Typically, the modeling and simulation software provide support for generating C code—targeting a broader range of processors. The hardware vendors will have differentiating features on the processors to speed up execution for the application that the processor is designed for. For example, the ADSP-CM41x processor comes with a math unit accelerator to speed up mathematical operation such as sine, cosine, and square root. It is important to make use of such features to get the best performance out of the processor. Modeling tools provides provision to replace part of the codes with custom codes or an entire algorithm block with a different code. For power conversion algorithms, optimized code can be generated by providing handwritten optimized routines for common algorithm blocks such as direct quadrature zero (DQZ) transforms, phase-locked loop (PLL), etc. Code generation may be configured to use these handwritten routines instead of the default generic routines. Silicon vendors could be providing model libraries to speed up execution of algorithms on their processors. These options may be exploited to generate an optimized code for the control processor.

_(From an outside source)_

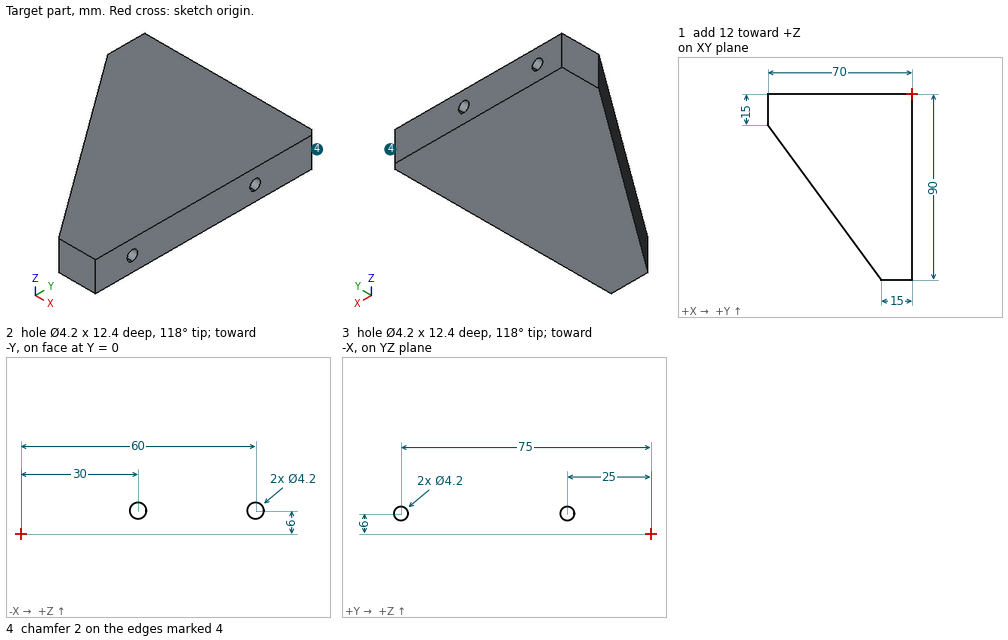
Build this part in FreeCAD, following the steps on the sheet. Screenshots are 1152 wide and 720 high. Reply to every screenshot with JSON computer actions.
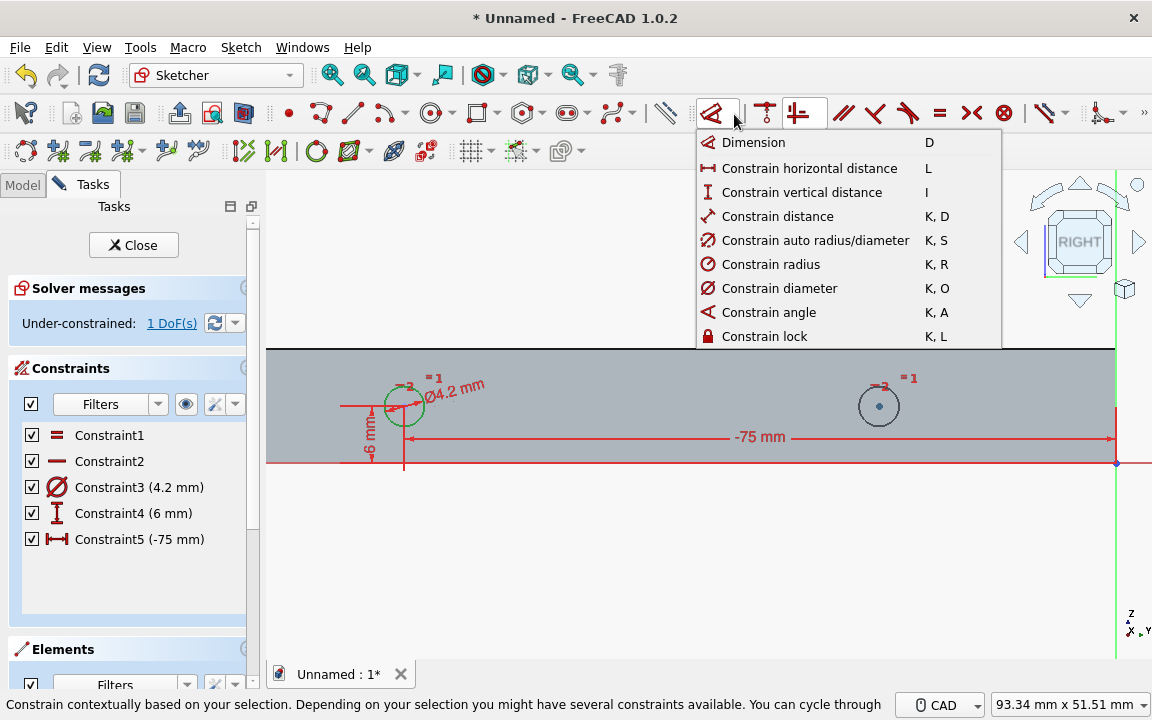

Apart from the control algorithm code, the control processor also needs codes for configuring the peripherals such as ADC, PWM, etc. and a framework code for maintaining the timings and other functionalities of the system. The modeling tools can be used to generate the code for these as well. However, the framework codes are expected to do much more than run the control algorithm. Developing models for all these associated tasks and generating code from them may not be an efficient approach. In such cases, the framework and peripheral configuration codes may be developed separately with provision to integrate the generated control algorithm codes.

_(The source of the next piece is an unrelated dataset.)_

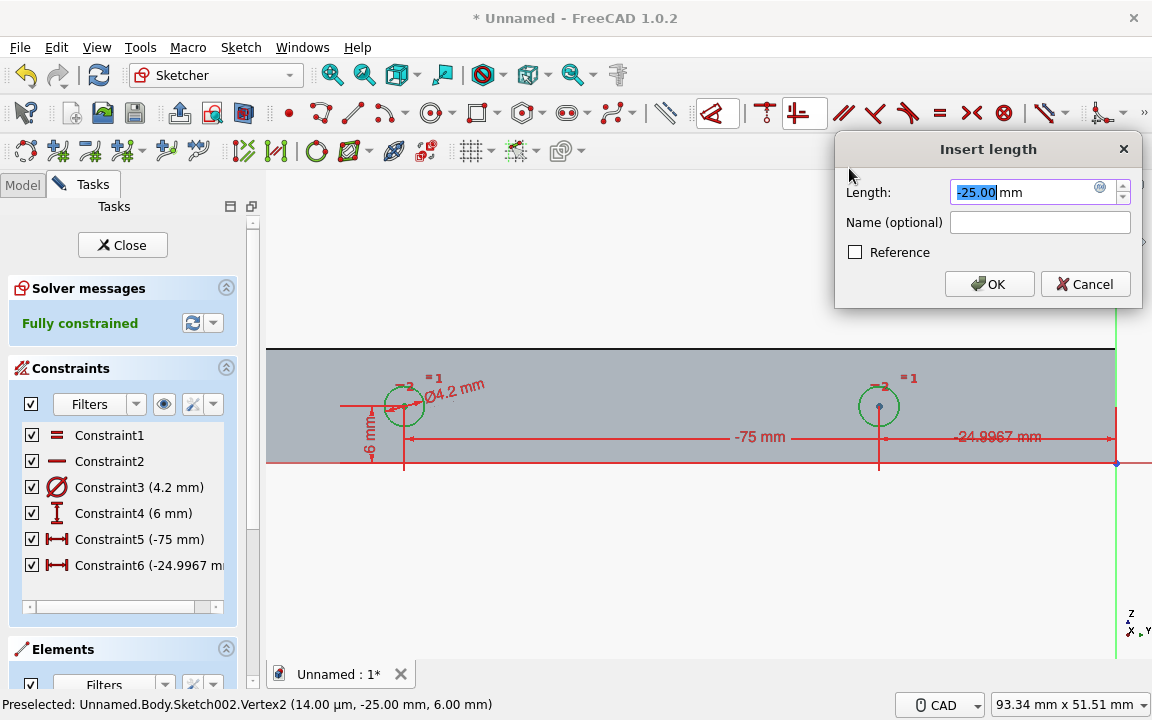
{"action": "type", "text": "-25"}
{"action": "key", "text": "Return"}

Hardware-in-the-Loop (HIL) Simulation

The simulation of the power modules and the system normally runs on a host PC. Even in PIL simulation, only the control algorithm runs on the target control processor. All other parts of the system are simulated by the modeling software on the host machine. Since this simulation takes so many resources and as much execution time, it is not possible to run these in real time in the software. The system dynamics and performance of ADCs and PWMs are not verified in such testing. HIL simulation hardware overcomes this drawback by using field programmable gate arrays (FPGAs) to simulate the converter components, sources, and sinks. It helps to run the entire simulation in real time and to see the actual effect of ADC sampling and PWM control. The HIL hardware is typically provided by separate vendors with a provision to interface control processors. It should be noted that HIL platforms won’t be able to simulate the detailed switching characteristics of the power modules. These effects should be analyzed separately to minimize the risk while taking it to the final product.


The modeling tools have greatly improved during recent years. In this article, we have discussed various approaches to make the model output very close to the final product output. However, it should be noted that there are some characteristics such as electromagnetic compatibility (EMC) that cannot be verified in a simulation environment. It is important to identify these characteristics and analyze and verify through alternate methods.

The steps explained in the article, except the HIL stage, have been successfully employed in designing and developing control algorithm targeting ADSP-CM41x processors for an inverter with 3-level ANPC topology.